Sure, but electrician trade school is still a couple of years with book study and tests. All the stuff that the kids thought they were rid of when they got their HS diploma and said they were not going to college. It’s a general work-ethic problem. A skilled tradesperson can make really good money - welders, carpenters, electricians. But when you wash off the dust and grime and read the CEO made $30mil last year you are damn sure going to tell your kids to go to school. I’m not sure how you break that cycle. But a bad weld or poor wiring can lead to people dying, so we need those skills.
Also a lot of trades require very little if any school work at least in my experience. 99% is learned on job. Ymmv
 
Sure, but electrician trade school is still a couple of years with book study and tests. All the stuff that the kids thought they were rid of when they got their HS diploma and said they were not going to college. It’s a general work-ethic problem. A skilled tradesperson can make really good money - welders, carpenters, electricians. But when you wash off the dust and grime and read the CEO made $30mil last year you are damn sure going to tell your kids to go to school. I’m not sure how you break that cycle. But a bad weld or poor wiring can lead to people dying, so we need those skills.

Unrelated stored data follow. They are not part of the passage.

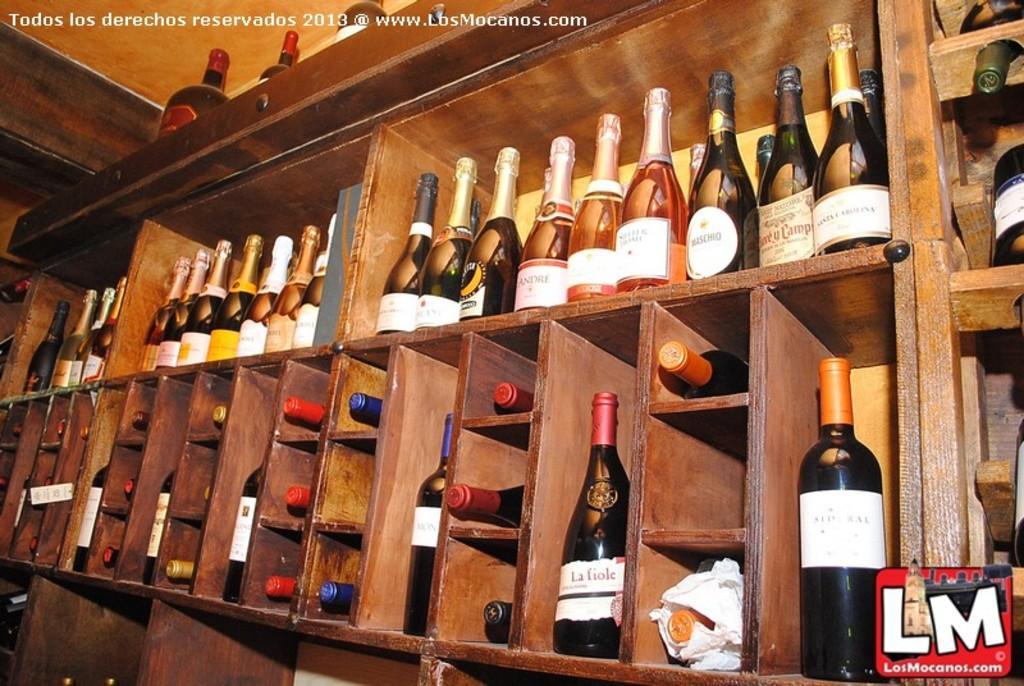How would you summarize this image in a sentence or two? The image consists of wine bottles which are kept in the wooden shelves. 
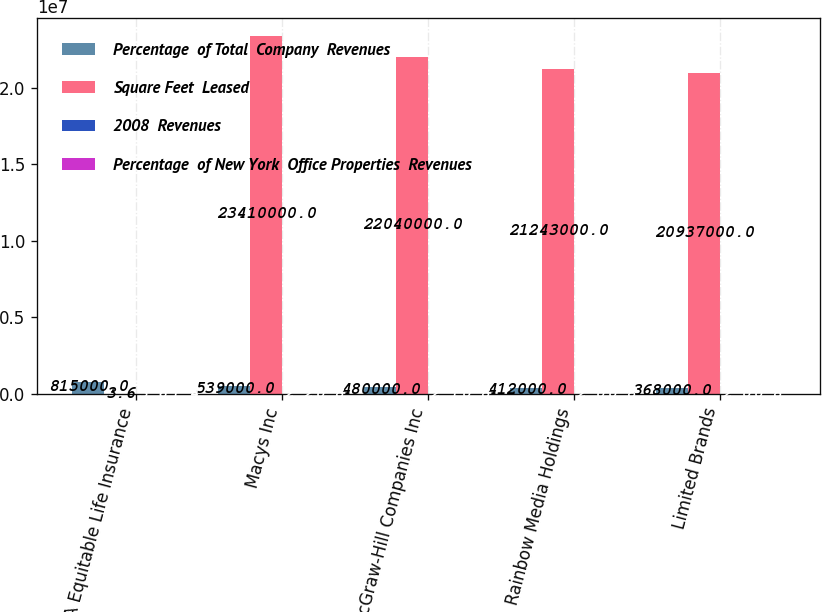Convert chart. <chart><loc_0><loc_0><loc_500><loc_500><stacked_bar_chart><ecel><fcel>AXA Equitable Life Insurance<fcel>Macys Inc<fcel>McGraw-Hill Companies Inc<fcel>Rainbow Media Holdings<fcel>Limited Brands<nl><fcel>Percentage  of Total  Company  Revenues<fcel>815000<fcel>539000<fcel>480000<fcel>412000<fcel>368000<nl><fcel>Square Feet  Leased<fcel>3.6<fcel>2.341e+07<fcel>2.204e+07<fcel>2.1243e+07<fcel>2.0937e+07<nl><fcel>2008  Revenues<fcel>3.6<fcel>2.2<fcel>2.1<fcel>2<fcel>2<nl><fcel>Percentage  of New York  Office Properties  Revenues<fcel>1.4<fcel>0.8<fcel>0.8<fcel>0.8<fcel>0.8<nl></chart> 
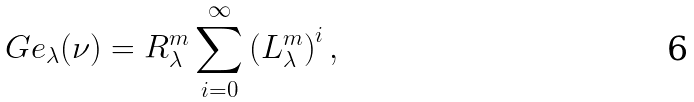Convert formula to latex. <formula><loc_0><loc_0><loc_500><loc_500>\ G e _ { \lambda } ( \nu ) = R ^ { m } _ { \lambda } \sum ^ { \infty } _ { i = 0 } \left ( L ^ { m } _ { \lambda } \right ) ^ { i } ,</formula> 
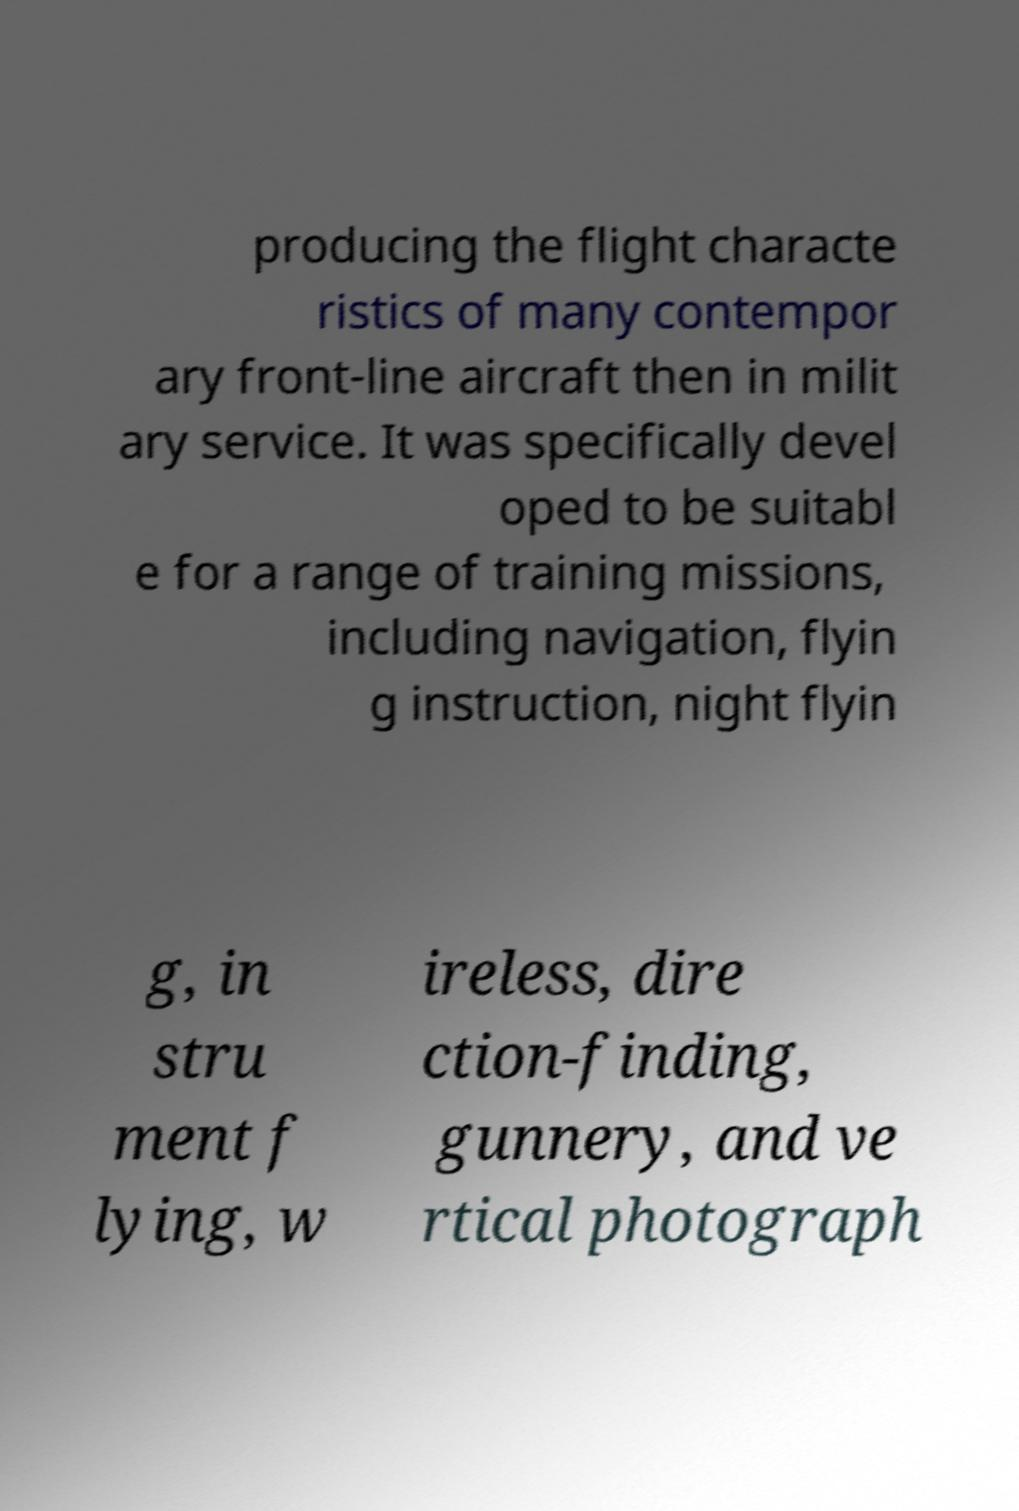For documentation purposes, I need the text within this image transcribed. Could you provide that? producing the flight characte ristics of many contempor ary front-line aircraft then in milit ary service. It was specifically devel oped to be suitabl e for a range of training missions, including navigation, flyin g instruction, night flyin g, in stru ment f lying, w ireless, dire ction-finding, gunnery, and ve rtical photograph 
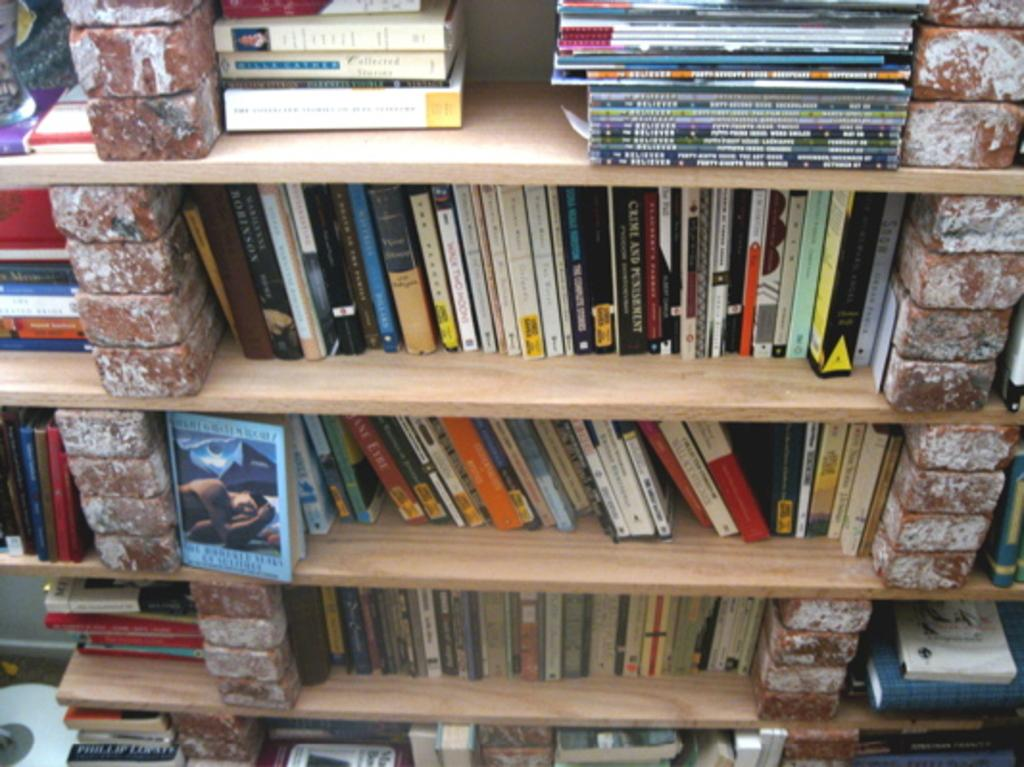What type of material is used for the surfaces in the image? There are wooden surfaces in the image. What can be seen on top of the wooden surfaces? There are books on the wooden surfaces. Are there any visible imperfections on the wooden surfaces? Yes, there are cracks on the wooden surfaces. Can you see any toys on the wooden surfaces in the image? No, there are no toys visible on the wooden surfaces in the image. 
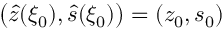<formula> <loc_0><loc_0><loc_500><loc_500>\left ( \hat { z } ( \xi _ { 0 } ) , \hat { s } ( \xi _ { 0 } ) \right ) = ( z _ { 0 } , s _ { 0 } )</formula> 
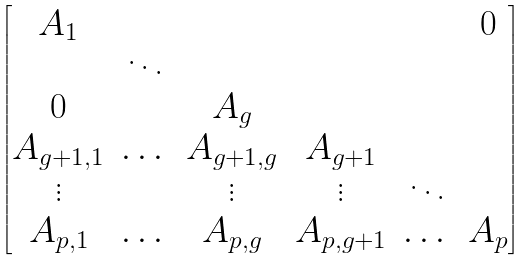Convert formula to latex. <formula><loc_0><loc_0><loc_500><loc_500>\begin{bmatrix} A _ { 1 } & & & & & 0 \\ & \ddots & & & & \\ 0 & & A _ { g } & & & \\ A _ { g + 1 , 1 } & \dots & A _ { g + 1 , g } & A _ { g + 1 } & & \\ \vdots & & \vdots & \vdots & \ddots & \\ A _ { p , 1 } & \dots & A _ { p , g } & A _ { p , g + 1 } & \dots & A _ { p } \\ \end{bmatrix}</formula> 
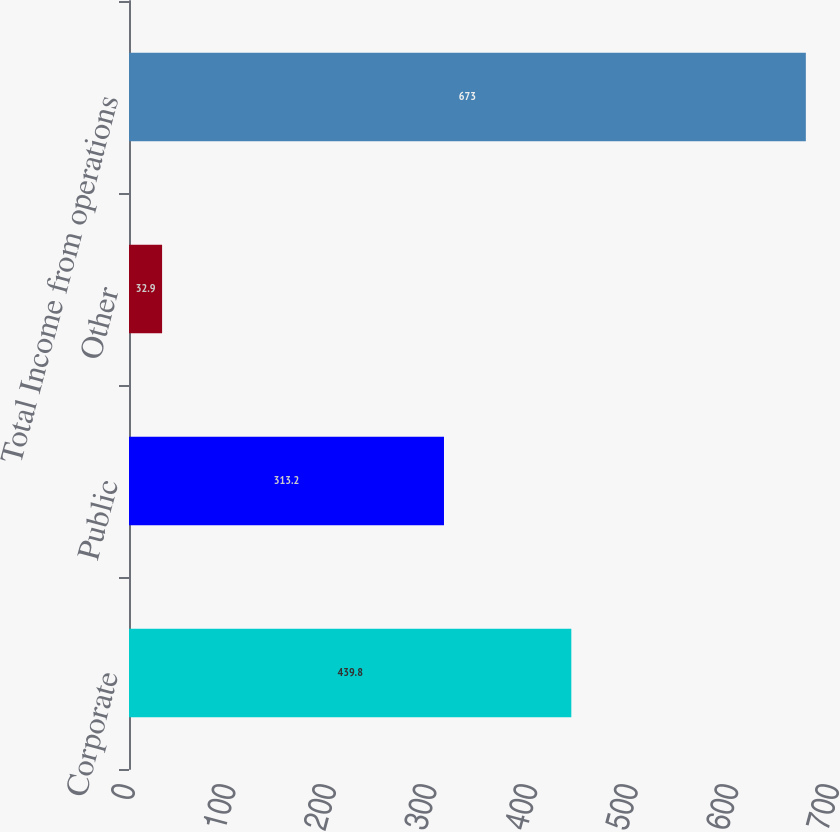Convert chart. <chart><loc_0><loc_0><loc_500><loc_500><bar_chart><fcel>Corporate<fcel>Public<fcel>Other<fcel>Total Income from operations<nl><fcel>439.8<fcel>313.2<fcel>32.9<fcel>673<nl></chart>

No doubt there’s a work ethic problem. How’s that saying go - Hard times create strong men, strong men create good times, good times create weak men, and weak men create hard times.
 
This is what happens when high school counselors push kids towards racking up hundreds of thousands of dollars in school loans for a degree in gender studies. I love Mike Rowe's message. He does a lot of work in bringing awareness to trade school and the high demand and salaries associated with such jobs.
Mike Rowe has a couple really good videos addressing workplace safety. Brings up a lot of great points.
 
I just dumped a vendor of 8 years. They are short-staffed. I offered to pay overtime if they got enough volunteers to work the weekend. Any weekend. I was told 23 weeks to replenish when 3 weeks was the norm. They want to fill the openings that were let go during Covid but those guys moved on so are having to hire and train. But, they want to pay pre-Covid wages so have lots of openings. Sales are about 90% of pre-Covid. Staffing on the production floor is under 60% of pre-Covid. The VP of Sales is almost certainly going to lose his job. I am not the only customer to walk to a competitor that adjusted to the new normal. So, they are saving money on the CAD monkey types and going to jettison the senior guy that has poor judgement, does not have his finger in the wind and is not very persuasive about why wages should rise. A lot of knowledge is gone from that company and few veterans to train newbies. I suppose the frozen wage will work as once they lose enough customers they will have the right amount of employees to meet the collapsed demand.
There's a difference between how you run a company and how you handle Covid. I was talking about the former, you clearly the latter.